WHAT IS REQUIRED:
Your response should be every line from the entries that includes the string "words".

INFORMATION PROVIDED:

☆ ☆ ☆ ☆

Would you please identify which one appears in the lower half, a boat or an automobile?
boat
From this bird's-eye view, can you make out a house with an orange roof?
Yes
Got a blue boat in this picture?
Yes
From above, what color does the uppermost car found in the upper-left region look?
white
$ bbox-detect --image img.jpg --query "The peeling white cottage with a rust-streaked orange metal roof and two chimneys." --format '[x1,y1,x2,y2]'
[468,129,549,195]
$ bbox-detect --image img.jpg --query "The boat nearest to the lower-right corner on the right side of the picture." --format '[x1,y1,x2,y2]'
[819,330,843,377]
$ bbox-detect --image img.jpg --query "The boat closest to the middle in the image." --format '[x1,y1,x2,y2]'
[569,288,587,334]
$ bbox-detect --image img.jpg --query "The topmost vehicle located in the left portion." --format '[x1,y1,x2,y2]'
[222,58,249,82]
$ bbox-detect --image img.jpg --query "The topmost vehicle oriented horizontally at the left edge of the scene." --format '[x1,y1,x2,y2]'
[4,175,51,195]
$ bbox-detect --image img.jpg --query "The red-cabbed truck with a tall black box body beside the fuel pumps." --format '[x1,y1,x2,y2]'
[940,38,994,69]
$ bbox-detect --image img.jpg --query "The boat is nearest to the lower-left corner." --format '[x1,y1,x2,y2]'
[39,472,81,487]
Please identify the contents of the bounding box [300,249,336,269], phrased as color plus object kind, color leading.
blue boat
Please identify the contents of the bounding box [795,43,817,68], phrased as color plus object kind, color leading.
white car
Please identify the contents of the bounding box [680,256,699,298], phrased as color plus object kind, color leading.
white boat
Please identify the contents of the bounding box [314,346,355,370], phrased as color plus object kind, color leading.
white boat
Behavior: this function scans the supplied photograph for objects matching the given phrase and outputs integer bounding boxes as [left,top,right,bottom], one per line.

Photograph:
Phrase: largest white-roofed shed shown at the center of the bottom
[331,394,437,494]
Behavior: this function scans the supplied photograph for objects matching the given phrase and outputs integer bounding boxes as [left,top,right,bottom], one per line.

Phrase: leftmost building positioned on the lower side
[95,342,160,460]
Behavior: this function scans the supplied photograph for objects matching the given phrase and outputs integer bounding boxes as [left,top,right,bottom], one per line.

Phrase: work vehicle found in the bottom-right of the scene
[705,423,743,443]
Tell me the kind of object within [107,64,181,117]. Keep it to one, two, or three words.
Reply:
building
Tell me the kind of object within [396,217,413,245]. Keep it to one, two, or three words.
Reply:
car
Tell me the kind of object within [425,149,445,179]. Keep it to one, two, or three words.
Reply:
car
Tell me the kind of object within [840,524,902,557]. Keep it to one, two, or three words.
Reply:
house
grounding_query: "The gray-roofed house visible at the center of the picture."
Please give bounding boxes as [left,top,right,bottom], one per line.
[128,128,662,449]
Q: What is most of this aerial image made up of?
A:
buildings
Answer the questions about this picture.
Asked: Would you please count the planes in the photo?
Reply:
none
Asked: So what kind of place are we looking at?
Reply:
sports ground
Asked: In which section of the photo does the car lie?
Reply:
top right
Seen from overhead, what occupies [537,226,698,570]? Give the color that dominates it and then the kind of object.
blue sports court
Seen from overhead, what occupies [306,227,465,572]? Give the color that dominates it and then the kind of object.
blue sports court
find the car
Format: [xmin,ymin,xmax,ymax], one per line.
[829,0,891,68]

☆ ☆ ☆ ☆

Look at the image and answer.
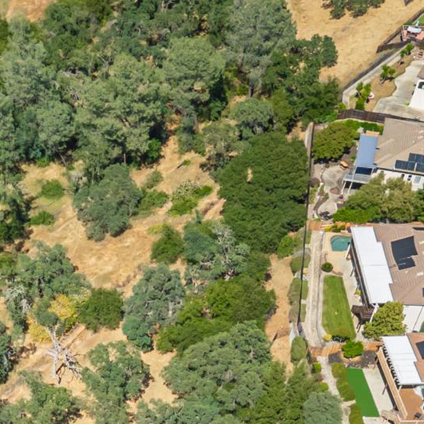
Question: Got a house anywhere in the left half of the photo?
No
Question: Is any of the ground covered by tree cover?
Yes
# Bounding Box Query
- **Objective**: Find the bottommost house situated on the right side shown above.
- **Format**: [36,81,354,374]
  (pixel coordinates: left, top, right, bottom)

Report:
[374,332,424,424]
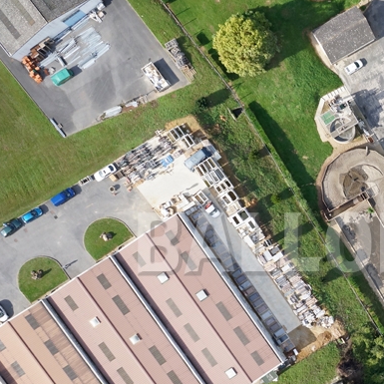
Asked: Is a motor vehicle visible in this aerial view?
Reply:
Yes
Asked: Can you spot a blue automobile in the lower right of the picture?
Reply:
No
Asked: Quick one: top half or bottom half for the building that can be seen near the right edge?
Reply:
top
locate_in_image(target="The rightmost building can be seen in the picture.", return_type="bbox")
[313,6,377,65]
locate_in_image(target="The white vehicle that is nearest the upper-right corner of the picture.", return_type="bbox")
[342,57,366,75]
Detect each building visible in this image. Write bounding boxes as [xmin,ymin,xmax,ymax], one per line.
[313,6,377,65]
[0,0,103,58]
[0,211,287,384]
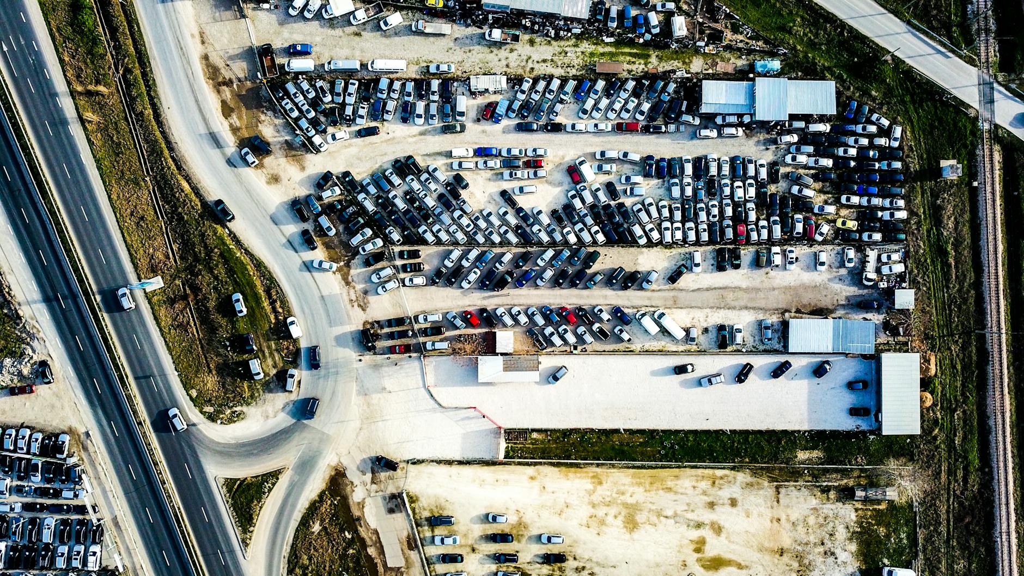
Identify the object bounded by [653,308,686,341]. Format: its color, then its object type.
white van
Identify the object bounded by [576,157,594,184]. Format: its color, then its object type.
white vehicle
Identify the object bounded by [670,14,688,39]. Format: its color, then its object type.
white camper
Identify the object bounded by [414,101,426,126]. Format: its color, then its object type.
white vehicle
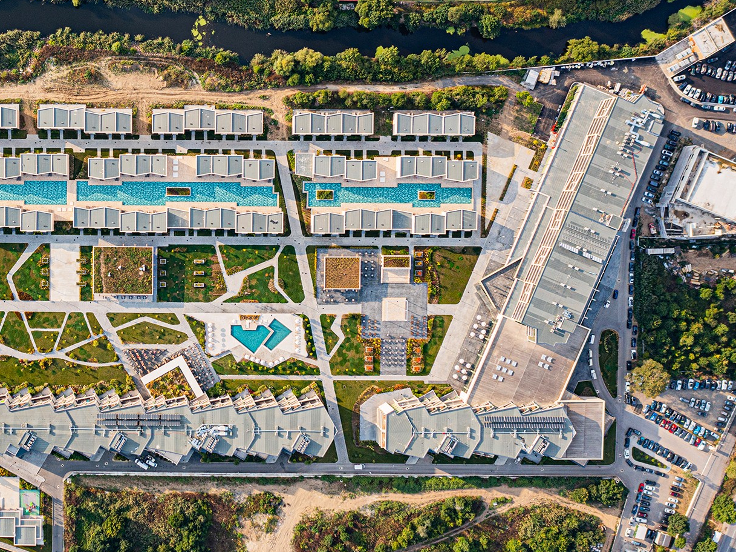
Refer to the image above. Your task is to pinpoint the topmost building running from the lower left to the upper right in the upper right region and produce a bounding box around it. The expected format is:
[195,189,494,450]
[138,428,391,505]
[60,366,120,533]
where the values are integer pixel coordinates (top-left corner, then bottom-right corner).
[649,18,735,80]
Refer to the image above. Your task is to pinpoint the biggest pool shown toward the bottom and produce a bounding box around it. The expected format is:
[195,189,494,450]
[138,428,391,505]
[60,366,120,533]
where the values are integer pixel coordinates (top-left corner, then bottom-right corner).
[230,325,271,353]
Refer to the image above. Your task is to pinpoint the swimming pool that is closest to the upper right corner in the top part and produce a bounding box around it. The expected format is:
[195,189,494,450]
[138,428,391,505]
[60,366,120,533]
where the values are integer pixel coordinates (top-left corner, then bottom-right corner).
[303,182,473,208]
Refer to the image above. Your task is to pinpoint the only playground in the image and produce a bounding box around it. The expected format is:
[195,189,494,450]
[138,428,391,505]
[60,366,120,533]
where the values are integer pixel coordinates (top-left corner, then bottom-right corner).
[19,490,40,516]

☆ ☆ ☆ ☆

RESPONSE AREA:
Tell me the kind of object within [107,64,181,117]. Keep it to one, two, or three words.
Tell me the kind of object within [396,217,413,245]. Keep it to one, two, or three words.
Tell me the kind of object within [425,149,445,179]. Keep it to one, two, or three words.
Tell me the kind of object within [840,524,902,557]. Keep it to one, two, or three words.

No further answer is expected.